*** Opening Entries shown ***

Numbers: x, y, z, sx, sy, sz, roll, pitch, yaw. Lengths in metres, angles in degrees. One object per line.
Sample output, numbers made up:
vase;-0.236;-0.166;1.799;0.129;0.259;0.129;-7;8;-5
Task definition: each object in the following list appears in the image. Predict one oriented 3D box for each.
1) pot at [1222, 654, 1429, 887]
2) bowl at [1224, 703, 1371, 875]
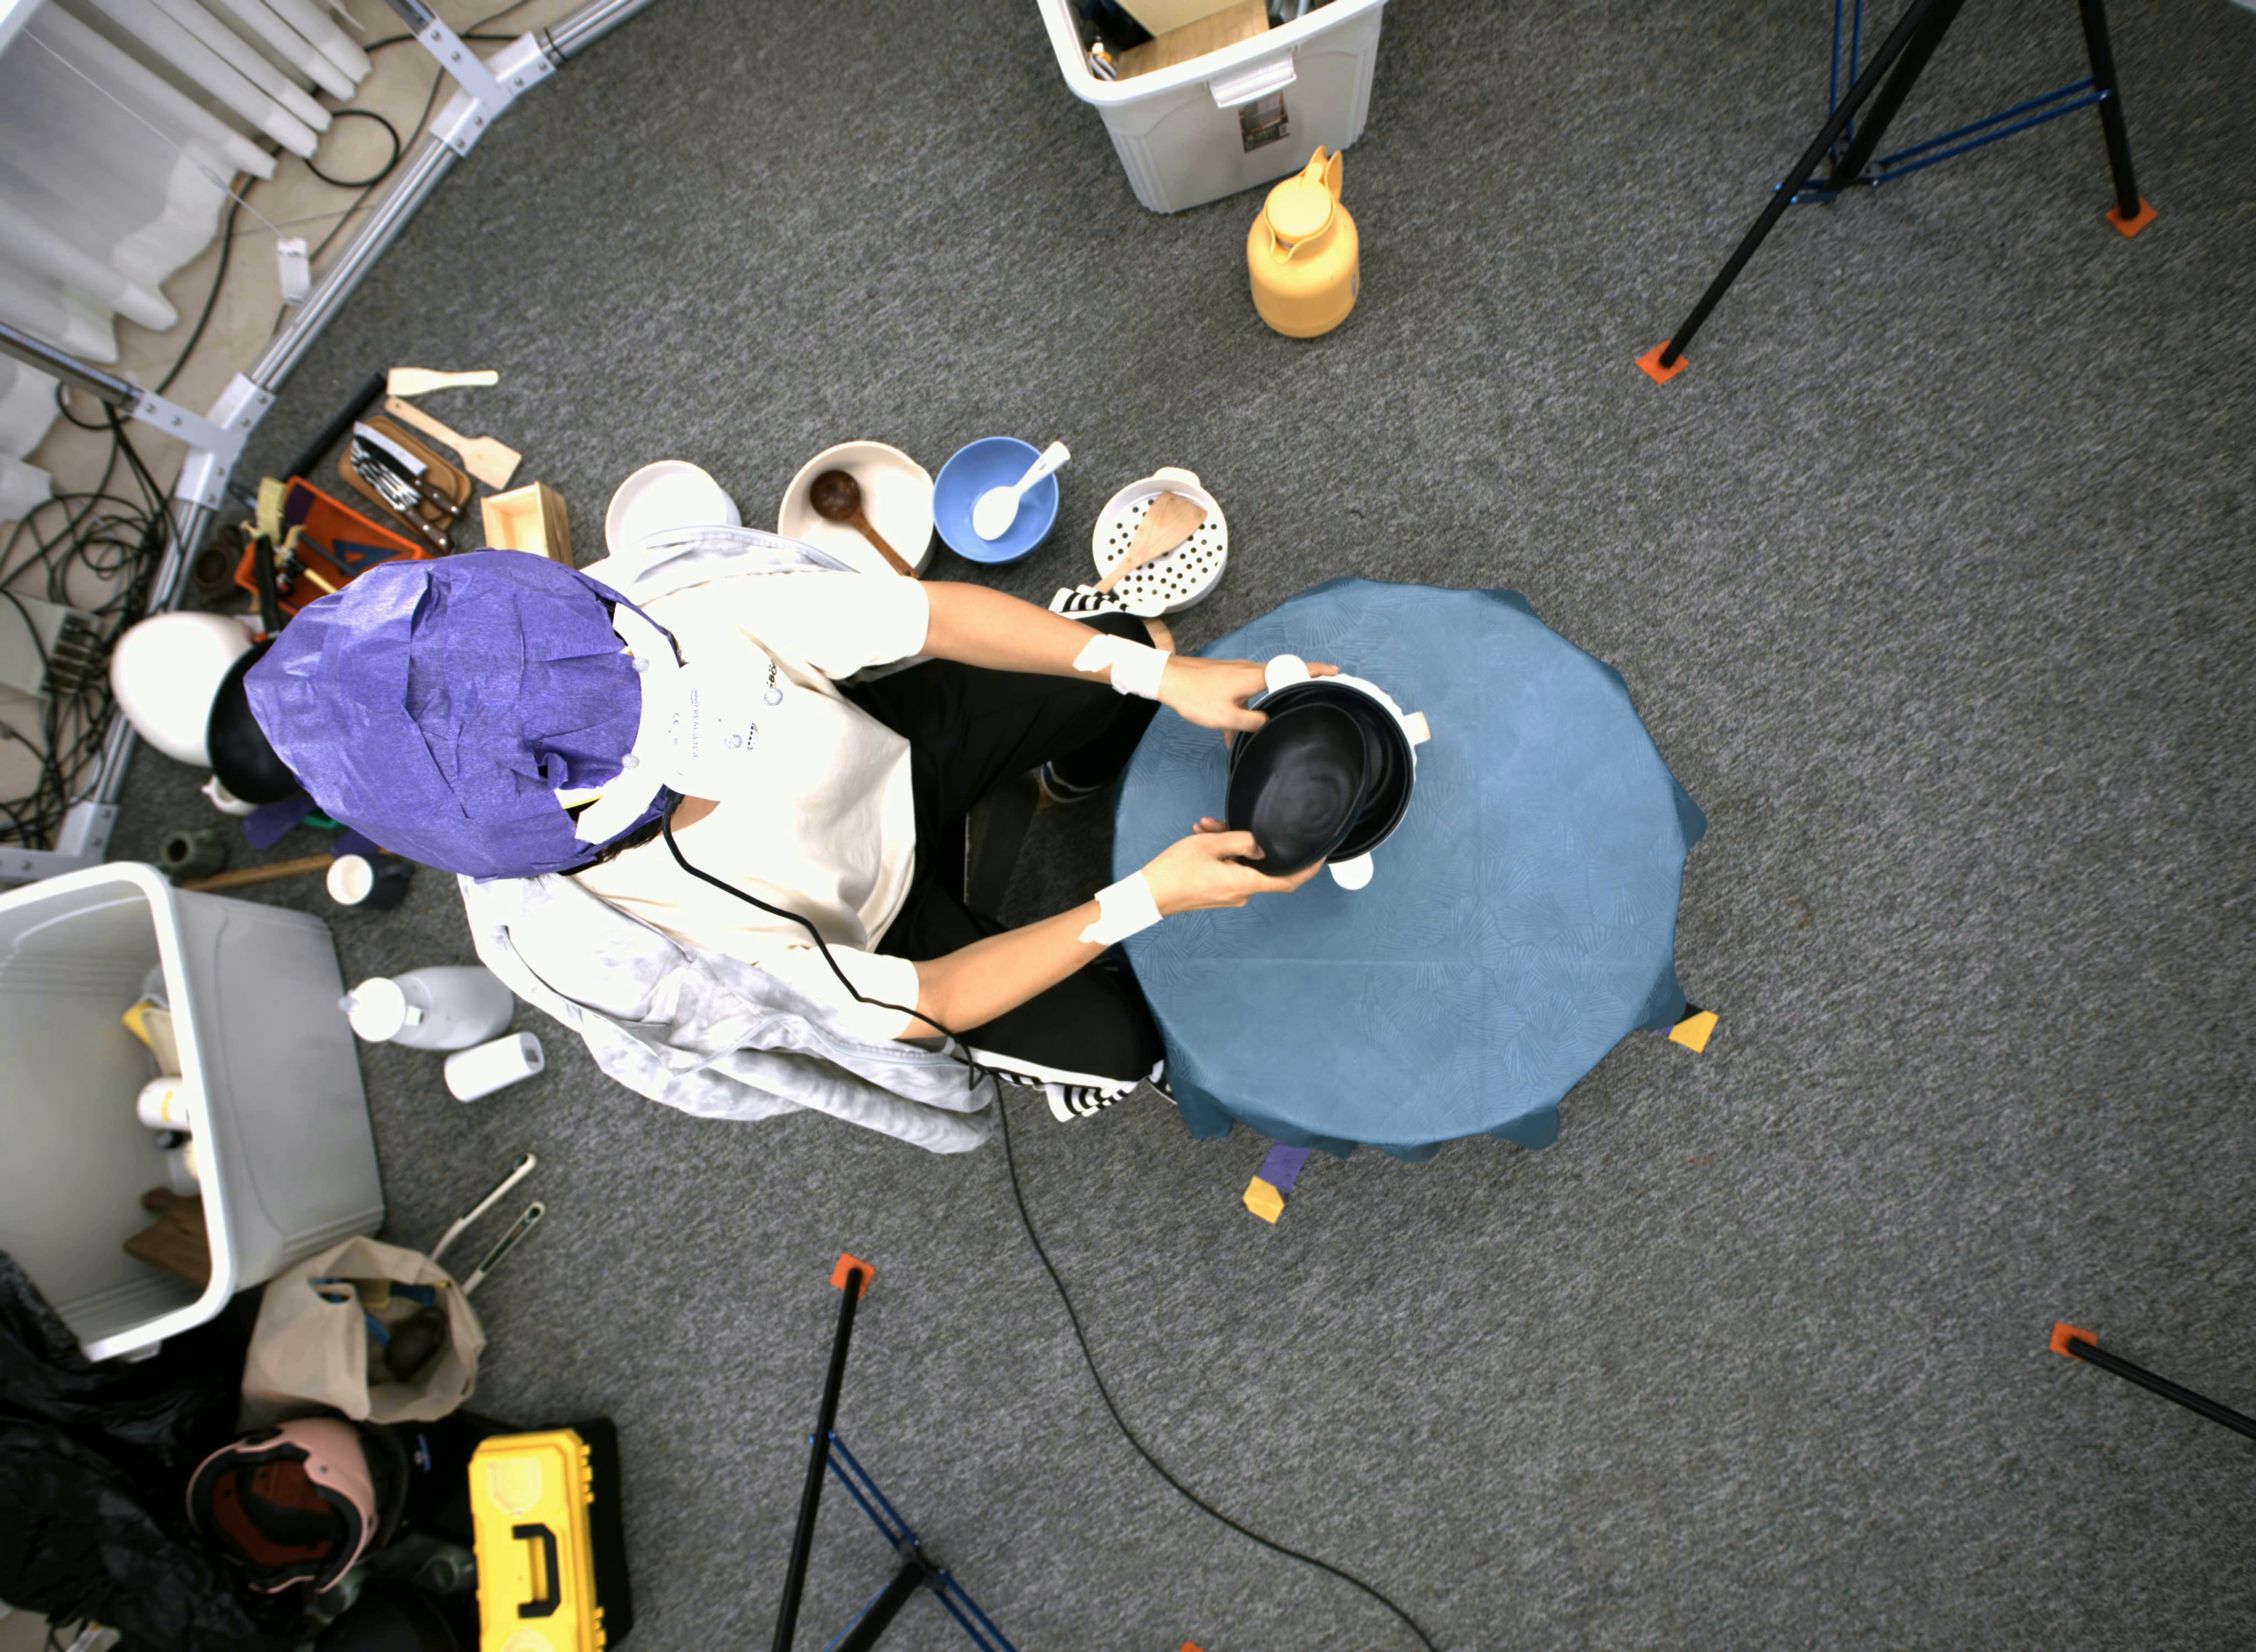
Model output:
pot;0.203;-0.069;1.387;0.193;0.140;0.242;-17;100;22
bowl;0.166;-0.027;1.281;0.137;0.067;0.170;24;87;39

*** Closing Entries shown ***

## [What is needed]
Would you repeat the complete listing exactly, excluding each picture it holds?

## [Task result]
Numbers: x, y, z, sx, sy, sz, roll, pitch, yaw. Lengths in metres, angles in degrees. One object per line.
Sample output, numbers made up:
vase;-0.236;-0.166;1.799;0.129;0.259;0.129;-7;8;-5
Task definition: each object in the following list appears in the image. Predict one oriented 3D box for each.
1) pot at [1222, 654, 1429, 887]
2) bowl at [1224, 703, 1371, 875]
Model output:
pot;0.203;-0.069;1.387;0.193;0.140;0.242;-17;100;22
bowl;0.166;-0.027;1.281;0.137;0.067;0.170;24;87;39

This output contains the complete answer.